Prior to that, Canadian intelligence and security officials have visited India multiple times for discussions with their Indian counterparts. The intelligence premise for Canada’s allegations came through the interception of communications between New Delhi and the Indian High Commission in Ottawa, reportedly by the old Five Eyes (comprising Australia, Canada, New Zealand, the UK and the US) intelligence network. Canada’s concerns were and are shared by its traditional allies. It is also reported that in the face-to-face meetings between Canadian and Indian officials, Canada’s allegations were not formally denied, in contrast to the vigorous rejections in India’s public statements.

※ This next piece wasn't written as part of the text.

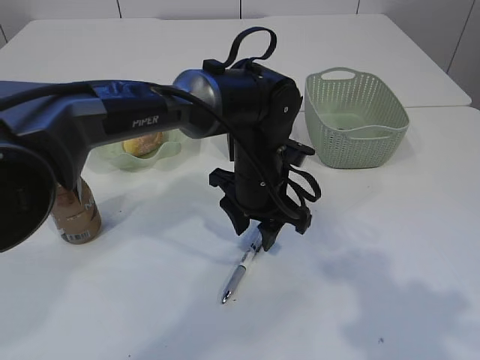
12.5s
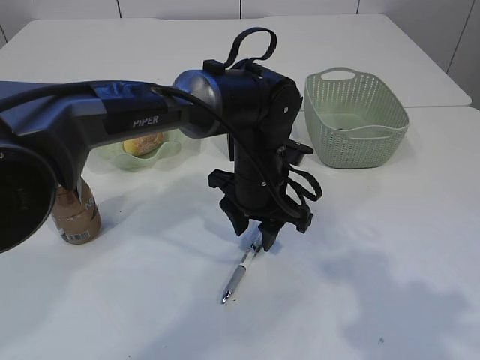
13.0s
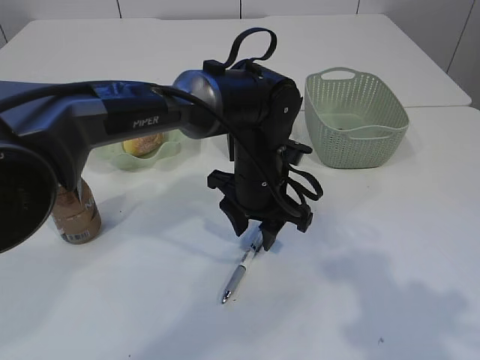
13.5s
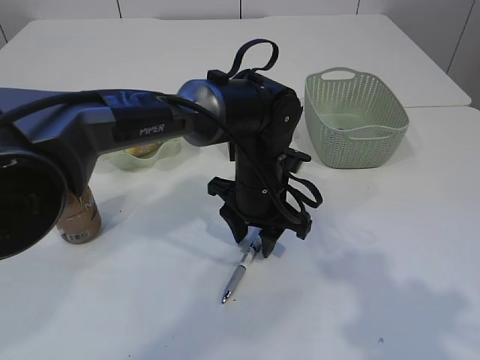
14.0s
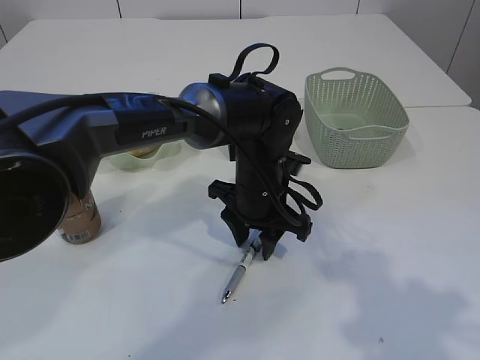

After his explosive statement in Parliament, Prime Minister Trudeau has appeared to be trying to calm diplomatic waters by insisting that Canada is “not looking to provoke or escalate.” He has gone on to say, “We are simply laying out the facts as we understand them and we want to work with the government of India to lay everything clear and to ensure there are proper processes.” Further, “India and the government of India needs to take this matter with the utmost seriousness.” Similar diplomatic overtures are said to have emanated from the Indian side. After the initial furor, there seems to realization on both sides to let quiet diplomacy take its course.